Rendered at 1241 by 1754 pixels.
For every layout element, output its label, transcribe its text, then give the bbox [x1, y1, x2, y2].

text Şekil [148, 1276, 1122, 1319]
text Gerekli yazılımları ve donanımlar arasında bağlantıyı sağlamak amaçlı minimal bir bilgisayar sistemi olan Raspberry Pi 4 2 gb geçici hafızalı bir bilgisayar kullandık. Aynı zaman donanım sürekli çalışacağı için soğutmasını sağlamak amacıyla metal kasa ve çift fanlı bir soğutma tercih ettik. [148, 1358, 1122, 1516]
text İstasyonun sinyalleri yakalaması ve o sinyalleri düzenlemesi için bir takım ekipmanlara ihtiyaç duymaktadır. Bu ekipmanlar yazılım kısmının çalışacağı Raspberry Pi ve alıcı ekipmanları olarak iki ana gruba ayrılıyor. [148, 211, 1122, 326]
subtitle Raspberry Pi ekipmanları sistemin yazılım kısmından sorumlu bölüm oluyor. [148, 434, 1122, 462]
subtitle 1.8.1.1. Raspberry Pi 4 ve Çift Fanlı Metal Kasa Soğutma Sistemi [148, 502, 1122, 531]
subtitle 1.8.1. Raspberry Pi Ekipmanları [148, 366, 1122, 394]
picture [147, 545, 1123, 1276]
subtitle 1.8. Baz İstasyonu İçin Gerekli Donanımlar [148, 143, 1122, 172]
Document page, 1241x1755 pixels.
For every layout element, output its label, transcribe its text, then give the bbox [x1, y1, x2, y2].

* * * * * * *

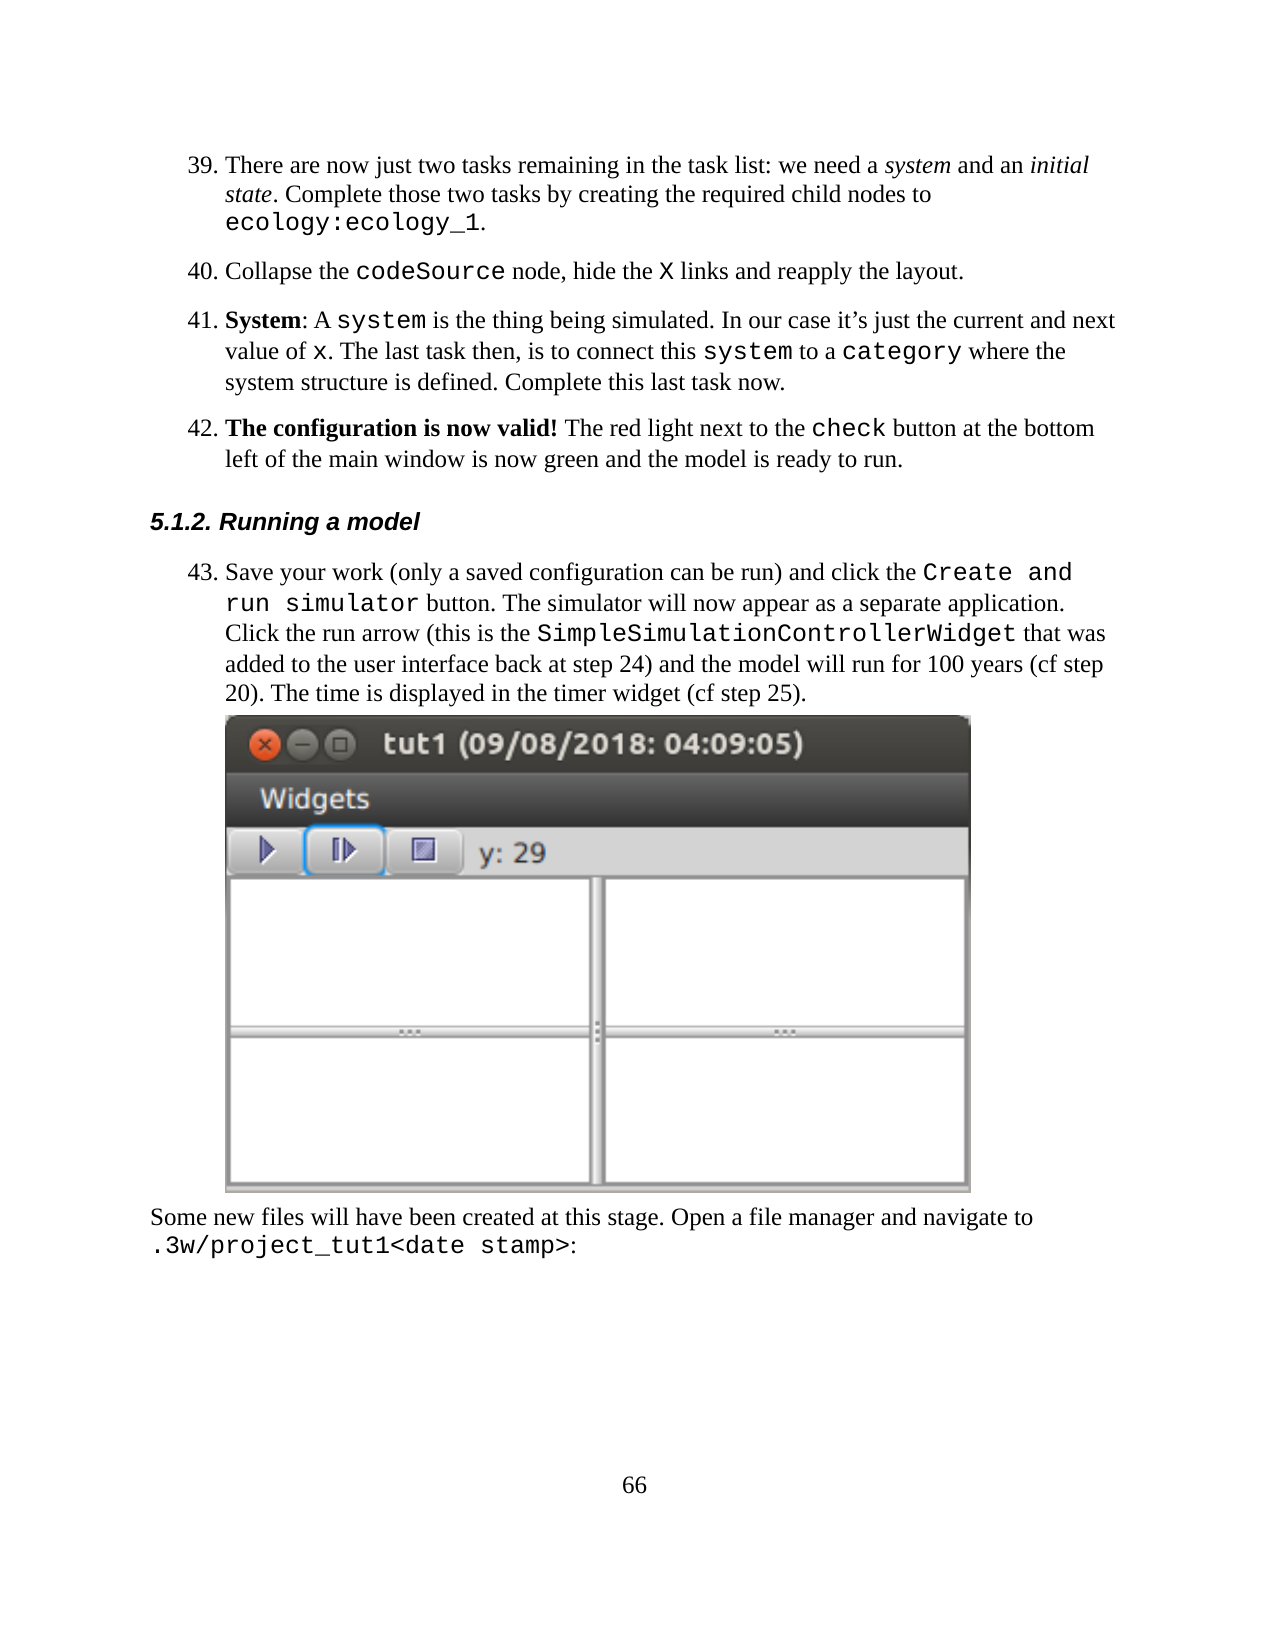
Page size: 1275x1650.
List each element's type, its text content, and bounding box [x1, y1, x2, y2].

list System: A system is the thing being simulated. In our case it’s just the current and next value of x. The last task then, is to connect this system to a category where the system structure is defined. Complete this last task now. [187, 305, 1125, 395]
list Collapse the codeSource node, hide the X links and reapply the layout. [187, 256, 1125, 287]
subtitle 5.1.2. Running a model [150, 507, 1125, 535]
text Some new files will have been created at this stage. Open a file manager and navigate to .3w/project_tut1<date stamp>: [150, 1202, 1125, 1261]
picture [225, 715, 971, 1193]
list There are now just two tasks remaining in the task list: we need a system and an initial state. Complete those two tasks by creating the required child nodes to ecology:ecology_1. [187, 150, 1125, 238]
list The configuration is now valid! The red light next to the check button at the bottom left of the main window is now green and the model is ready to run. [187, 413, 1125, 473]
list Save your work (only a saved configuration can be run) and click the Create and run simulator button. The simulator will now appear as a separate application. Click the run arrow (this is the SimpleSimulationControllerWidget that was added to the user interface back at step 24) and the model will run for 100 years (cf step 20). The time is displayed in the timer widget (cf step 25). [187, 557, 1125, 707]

* * * * * * *

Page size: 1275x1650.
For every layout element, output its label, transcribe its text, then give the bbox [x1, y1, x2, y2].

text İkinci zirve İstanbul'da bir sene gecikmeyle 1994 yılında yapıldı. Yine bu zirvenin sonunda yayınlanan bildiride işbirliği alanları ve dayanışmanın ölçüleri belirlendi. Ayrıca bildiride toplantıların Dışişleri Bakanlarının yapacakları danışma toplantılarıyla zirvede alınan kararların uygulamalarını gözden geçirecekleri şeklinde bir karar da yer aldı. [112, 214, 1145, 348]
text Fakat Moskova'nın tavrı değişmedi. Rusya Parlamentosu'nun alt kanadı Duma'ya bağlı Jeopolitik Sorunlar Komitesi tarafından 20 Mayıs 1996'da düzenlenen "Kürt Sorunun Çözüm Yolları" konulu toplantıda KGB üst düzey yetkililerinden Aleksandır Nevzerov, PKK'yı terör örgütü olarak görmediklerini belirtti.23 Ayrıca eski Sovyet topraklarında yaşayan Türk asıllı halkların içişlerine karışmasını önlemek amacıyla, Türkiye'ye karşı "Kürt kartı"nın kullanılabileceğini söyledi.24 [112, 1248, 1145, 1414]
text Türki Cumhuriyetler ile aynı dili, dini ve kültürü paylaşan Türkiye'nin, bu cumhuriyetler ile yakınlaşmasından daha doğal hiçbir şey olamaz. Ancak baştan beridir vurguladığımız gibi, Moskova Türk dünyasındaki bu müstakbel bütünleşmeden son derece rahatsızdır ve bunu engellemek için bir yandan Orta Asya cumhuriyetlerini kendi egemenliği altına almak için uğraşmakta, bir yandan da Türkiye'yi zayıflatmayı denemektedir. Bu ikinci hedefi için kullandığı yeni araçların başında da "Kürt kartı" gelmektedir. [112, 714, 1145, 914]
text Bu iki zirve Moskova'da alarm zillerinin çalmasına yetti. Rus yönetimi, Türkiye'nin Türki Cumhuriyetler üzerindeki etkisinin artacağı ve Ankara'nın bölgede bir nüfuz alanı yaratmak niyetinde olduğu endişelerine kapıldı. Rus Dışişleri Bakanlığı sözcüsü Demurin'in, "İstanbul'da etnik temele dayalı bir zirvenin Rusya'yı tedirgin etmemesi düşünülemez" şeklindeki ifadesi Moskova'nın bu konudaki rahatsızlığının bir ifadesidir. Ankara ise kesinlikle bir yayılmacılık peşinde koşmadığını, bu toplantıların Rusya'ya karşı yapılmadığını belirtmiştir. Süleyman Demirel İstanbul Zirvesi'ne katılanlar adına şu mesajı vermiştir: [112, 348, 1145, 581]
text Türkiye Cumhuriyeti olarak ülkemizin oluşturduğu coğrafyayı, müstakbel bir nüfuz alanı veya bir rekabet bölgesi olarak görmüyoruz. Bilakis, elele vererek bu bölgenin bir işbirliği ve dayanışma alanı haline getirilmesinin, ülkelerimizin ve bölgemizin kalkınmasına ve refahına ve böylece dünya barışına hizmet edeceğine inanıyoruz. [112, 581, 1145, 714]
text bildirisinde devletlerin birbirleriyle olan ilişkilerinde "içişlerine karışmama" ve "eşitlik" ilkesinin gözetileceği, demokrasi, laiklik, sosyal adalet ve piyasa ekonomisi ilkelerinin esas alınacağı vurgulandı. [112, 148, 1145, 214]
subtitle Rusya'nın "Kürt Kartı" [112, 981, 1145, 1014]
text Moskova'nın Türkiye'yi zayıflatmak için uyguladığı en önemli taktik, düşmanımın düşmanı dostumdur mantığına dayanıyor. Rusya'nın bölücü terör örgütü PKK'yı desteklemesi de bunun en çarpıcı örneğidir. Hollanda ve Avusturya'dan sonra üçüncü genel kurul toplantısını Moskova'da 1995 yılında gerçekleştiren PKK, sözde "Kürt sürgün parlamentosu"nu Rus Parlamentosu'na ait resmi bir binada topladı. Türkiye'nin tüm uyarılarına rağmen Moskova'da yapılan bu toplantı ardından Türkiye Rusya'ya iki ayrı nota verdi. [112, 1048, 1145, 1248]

* * * * * * *

Prompt:
Where a line above holds the string "pixels", copy that line.

Solved exercise:
Rendered at 1241 by 1754 pixels.
Document page, 1241x1755 pixels.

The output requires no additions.